**EXTRACTED MATERIAL:**
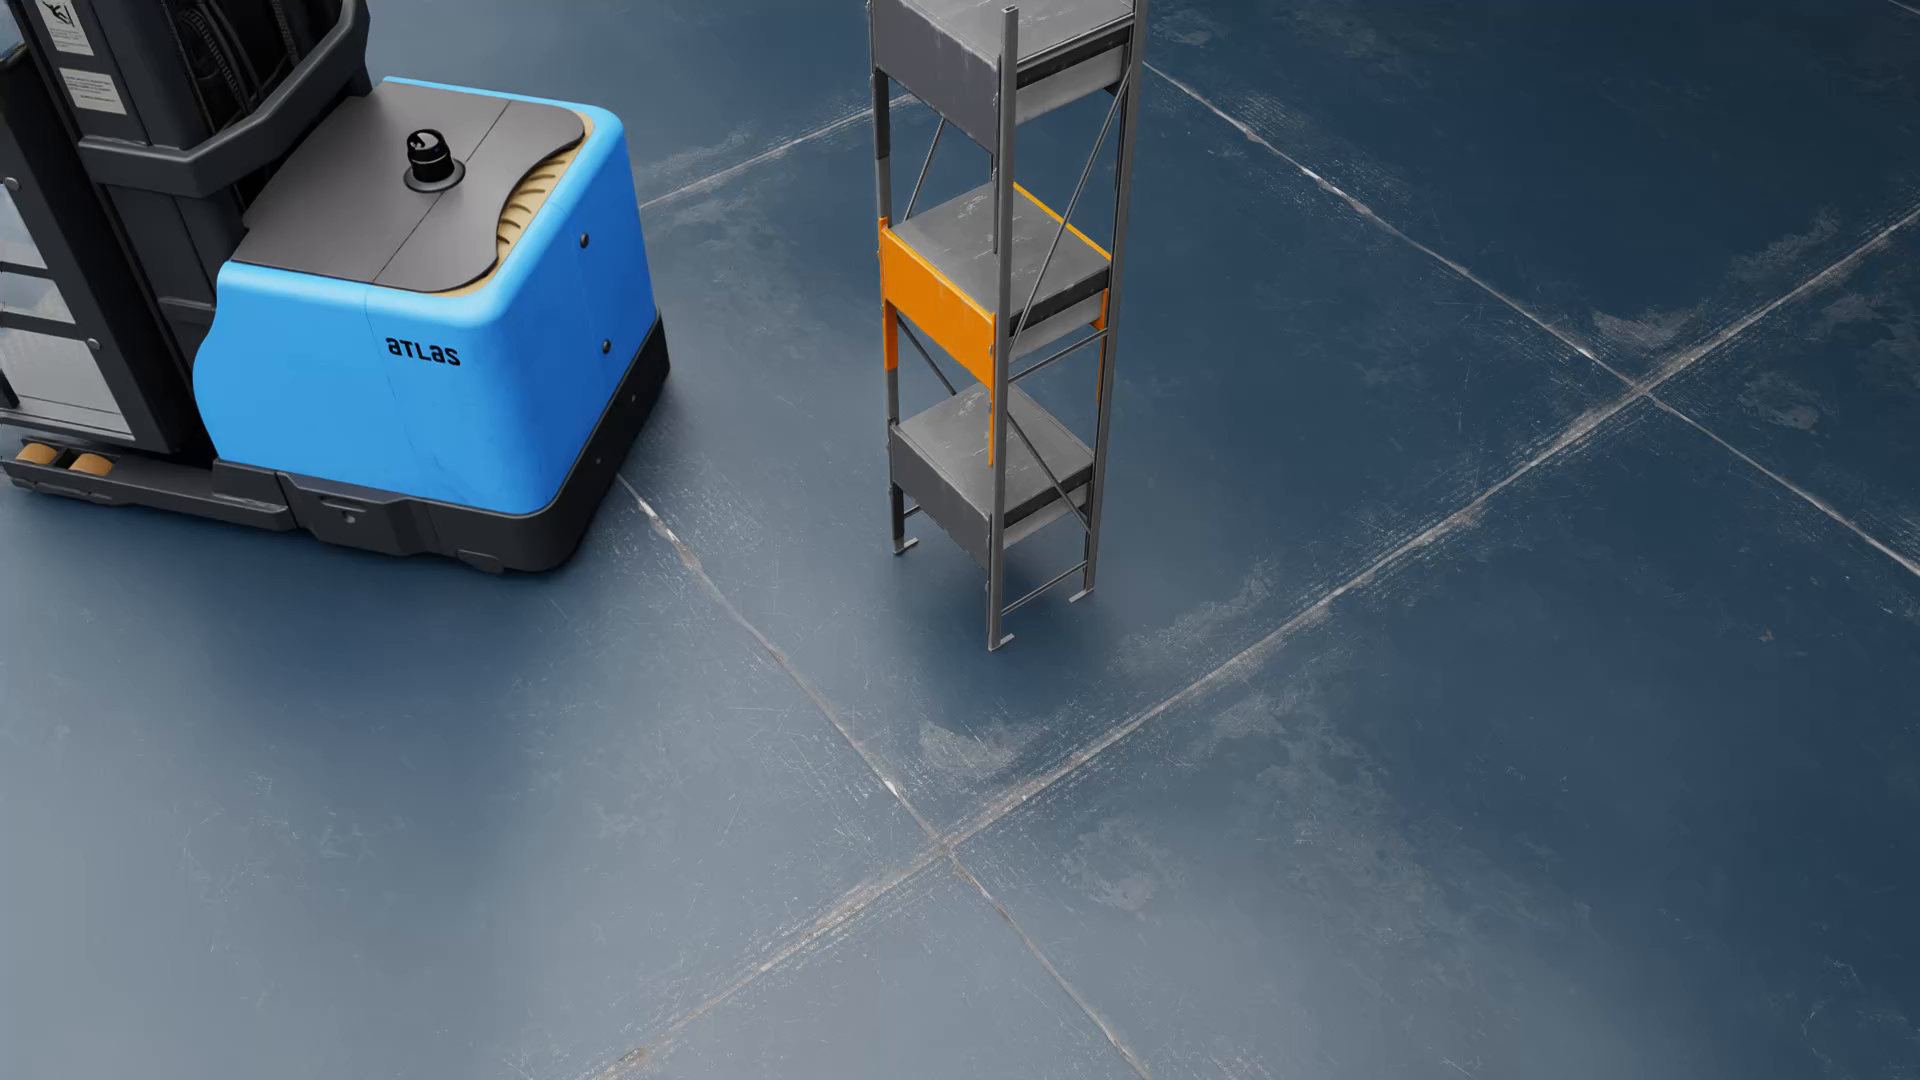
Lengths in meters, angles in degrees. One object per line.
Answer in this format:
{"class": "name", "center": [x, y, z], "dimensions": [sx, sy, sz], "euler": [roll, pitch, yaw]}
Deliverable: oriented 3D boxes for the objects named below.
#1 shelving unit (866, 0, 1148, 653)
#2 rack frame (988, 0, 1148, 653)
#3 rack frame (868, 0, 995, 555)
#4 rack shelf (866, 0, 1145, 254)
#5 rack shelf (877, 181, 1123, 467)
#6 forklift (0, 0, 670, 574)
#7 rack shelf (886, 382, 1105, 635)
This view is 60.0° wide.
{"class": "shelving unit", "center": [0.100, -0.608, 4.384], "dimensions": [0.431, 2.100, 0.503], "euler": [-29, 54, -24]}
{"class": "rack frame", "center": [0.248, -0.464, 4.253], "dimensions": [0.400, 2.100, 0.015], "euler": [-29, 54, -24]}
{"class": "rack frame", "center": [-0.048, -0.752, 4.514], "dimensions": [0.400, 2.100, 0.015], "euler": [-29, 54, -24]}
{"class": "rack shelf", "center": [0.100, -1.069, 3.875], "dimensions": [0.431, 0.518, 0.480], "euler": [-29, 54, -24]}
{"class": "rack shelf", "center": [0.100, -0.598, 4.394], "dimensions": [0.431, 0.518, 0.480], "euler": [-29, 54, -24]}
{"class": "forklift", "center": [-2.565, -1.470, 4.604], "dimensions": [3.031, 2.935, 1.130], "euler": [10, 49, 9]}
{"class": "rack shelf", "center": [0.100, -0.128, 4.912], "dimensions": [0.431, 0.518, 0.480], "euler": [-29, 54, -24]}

**WORK TO BE COMPLETED:** What is needed is an exact copy of the entries above, with no images in it.

**RESPONSE TO THIS TASK:**
Lengths in meters, angles in degrees. One object per line.
Answer in this format:
{"class": "name", "center": [x, y, z], "dimensions": [sx, sy, sz], "euler": [roll, pitch, yaw]}
Deliverable: oriented 3D boxes for the objects named below.
#1 shelving unit (866, 0, 1148, 653)
#2 rack frame (988, 0, 1148, 653)
#3 rack frame (868, 0, 995, 555)
#4 rack shelf (866, 0, 1145, 254)
#5 rack shelf (877, 181, 1123, 467)
#6 forklift (0, 0, 670, 574)
#7 rack shelf (886, 382, 1105, 635)
This view is 60.0° wide.
{"class": "shelving unit", "center": [0.100, -0.608, 4.384], "dimensions": [0.431, 2.100, 0.503], "euler": [-29, 54, -24]}
{"class": "rack frame", "center": [0.248, -0.464, 4.253], "dimensions": [0.400, 2.100, 0.015], "euler": [-29, 54, -24]}
{"class": "rack frame", "center": [-0.048, -0.752, 4.514], "dimensions": [0.400, 2.100, 0.015], "euler": [-29, 54, -24]}
{"class": "rack shelf", "center": [0.100, -1.069, 3.875], "dimensions": [0.431, 0.518, 0.480], "euler": [-29, 54, -24]}
{"class": "rack shelf", "center": [0.100, -0.598, 4.394], "dimensions": [0.431, 0.518, 0.480], "euler": [-29, 54, -24]}
{"class": "forklift", "center": [-2.565, -1.470, 4.604], "dimensions": [3.031, 2.935, 1.130], "euler": [10, 49, 9]}
{"class": "rack shelf", "center": [0.100, -0.128, 4.912], "dimensions": [0.431, 0.518, 0.480], "euler": [-29, 54, -24]}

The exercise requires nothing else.